終わらせなければ、始まらない・・・ということで、ガンガン続ける。とはいえ第3章「工業開発」における分析は、細かすぎるようなところがあって、あまり面白くない。家内工業が工場制機械工業に変化していったこと、日本人資本と朝鮮人資本の割合、産業の二重構造(大企業と中小企業)の有無、そして戦時統制による統合などなど・・・まあ、日本社会でも同様のことがあったんだろうということだ。
 日本社会に無くて、植民地朝鮮にあったもの・・・は、やはり巨大開発を成しえた重化学工業であろう。この日本人大資本の近代大工業の様子を、日窒をみることで代表させたい。
 日窒が赴戦江発電所を建設する時、堤防・水路・揚水場工事は日本人建設会社である西松組・間組・松本組・長門組などが担当し、鉄管は日本鋼管、ポンプ・電動機は芝浦製作所、ロープウェイは山川策道がそれぞれ担当した。もちろん現場には多くの朝鮮人労働者が投入されたが、残りの大部分の労働力は、日本人企業間の需給によって賄われた。
 日窒はこの電力を土台に、咸鏡南道などでさまざまな事業を展開した。日窒の朝鮮工場では化学肥料をはじめとして硫酸、硝酸、塩酸、燐酸などの塩類と苛性ソーダ、ソーダ灰、アンモニアなどのアルカリ類、水素、窒素、酸素、炭酸ガス、アセチレン、塩素ガスなどの百数十種類の製品を生産した。その過程で日窒あ、朝鮮はもちろんのこと日本、さらに世界的にも有数の企業の一つとなった。(p161)
のである。001なお、咸鏡南道は現在は北朝鮮の国土である。
 この日窒の興南工場群は、高度の分業体制を土台として生産を行っており、自己完結的に行われていた。日窒の朝鮮事業は、工場の設備や技術で見ても、当時朝鮮の他の地域、及び産業とはまったくへだたった別天地であったわけである。
 近代的大工業の代表的存在としての日窒が持つこのような性格は、日窒だけに限定されたものではなかった。製鉄業、綿糸紡績業と広幅綿織物(粗布)、工業製品、ポートランドセメント、硬化油や石鹸などの油脂工業、化学パルプ、ビール、グリセリンなどの他のさまざまな近代的大工業でも共通に現れるものであった。(p163)

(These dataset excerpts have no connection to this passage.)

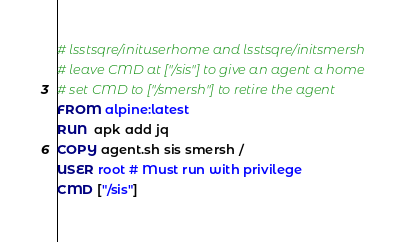<code> <loc_0><loc_0><loc_500><loc_500><_Dockerfile_># lsstsqre/inituserhome and lsstsqre/initsmersh
# leave CMD at ["/sis"] to give an agent a home
# set CMD to ["/smersh"] to retire the agent
FROM alpine:latest
RUN  apk add jq
COPY agent.sh sis smersh /
USER root # Must run with privilege
CMD ["/sis"]
</code> 
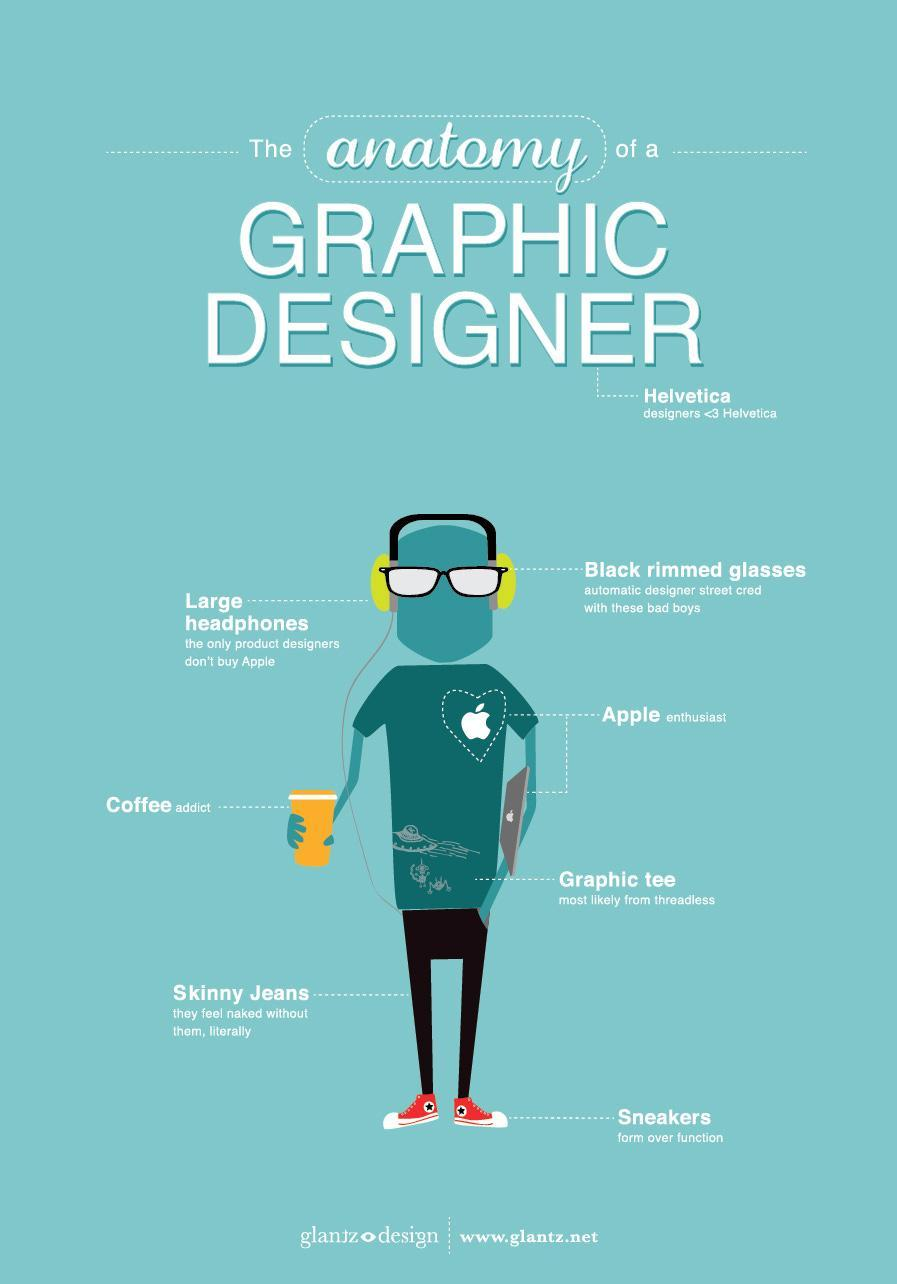What specification of glasses are more likely to be used by helvetica designers?
Answer the question with a short phrase. Black rimmed glasses What type of t-shirts a graphic designer wear usually? Graphic tee What type of shoes does a Helvetica designer prefer to wear? Sneakers Which fit in jeans does a Helvetica designer prefers? Skinny Jeans 
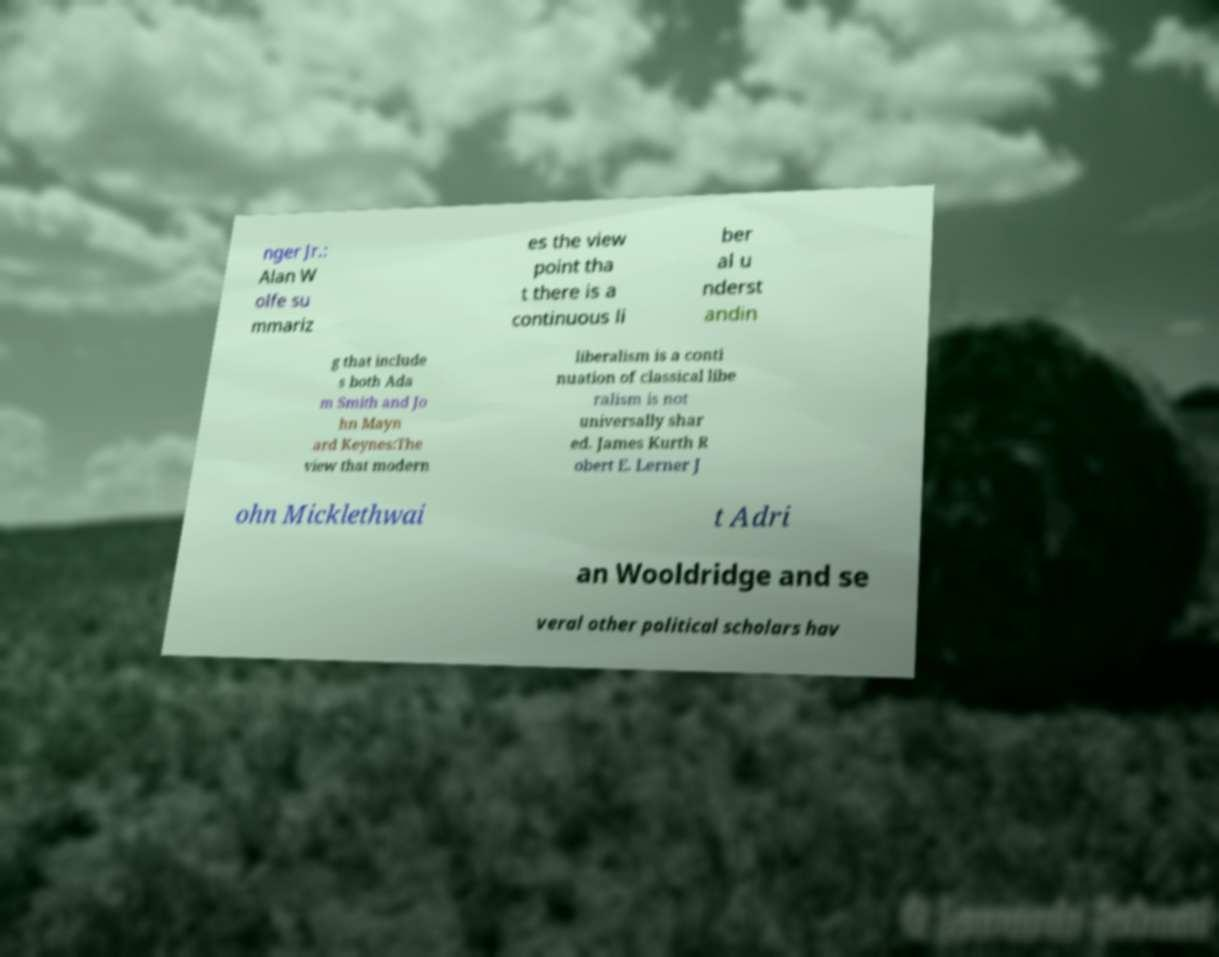For documentation purposes, I need the text within this image transcribed. Could you provide that? nger Jr.: Alan W olfe su mmariz es the view point tha t there is a continuous li ber al u nderst andin g that include s both Ada m Smith and Jo hn Mayn ard Keynes:The view that modern liberalism is a conti nuation of classical libe ralism is not universally shar ed. James Kurth R obert E. Lerner J ohn Micklethwai t Adri an Wooldridge and se veral other political scholars hav

 ようするに、朝鮮に進出し工業開発を行ってきた大資本は、朝鮮内の産業とはほとんどかかわりなく、資源(電力、石炭、石灰石、綿花等)と激安朝鮮人労働力を求めてやって来た、典型的な「植民地進出工業」でしかなかったわけだ。
 で、これらの日本人の近代的大工業の特徴を確認しておくと・・・
第1に、全工場数の1%にもならない62の工場で全体工業生産額の29%を生産している。すなわち、少数ではあっても日本から進出してきた大企業は、朝鮮工業で主導的地位を占めていたのである。第2に、これらの業種の工場当たり平均生産額は、大変大きい一方、業種あたりの工場数はとても少なかった。すなわちこれらの業種は概して独寡占的な市場構造を持っていたのである。第3に、労働者1人当たりの生産額がその他の業種と比較して著しく多い。すなわち、資本集約的生産技術が採択されていたのである。第4に、これらの工場では、工場あたりの労働者数が平均422人で、その他の工場の35人と比較してはるかに多い。これらの大工場が近代的な機構組織を持っていた可能性が、いっそう高くなる。(p163~4)
1930年代は、まさにこれらの業種の生産額が飛躍的に増大することで、朝鮮の工業生産額が急増し、工業構造が高度化される現象を見せているが、これらの日本人大工業と朝鮮人工業との間には、直接的な連関関係があまりなかったので、そのような点ではむしろ飛び領土(enclave)のような存在に近かったと見るのが正しいだろう。(p165)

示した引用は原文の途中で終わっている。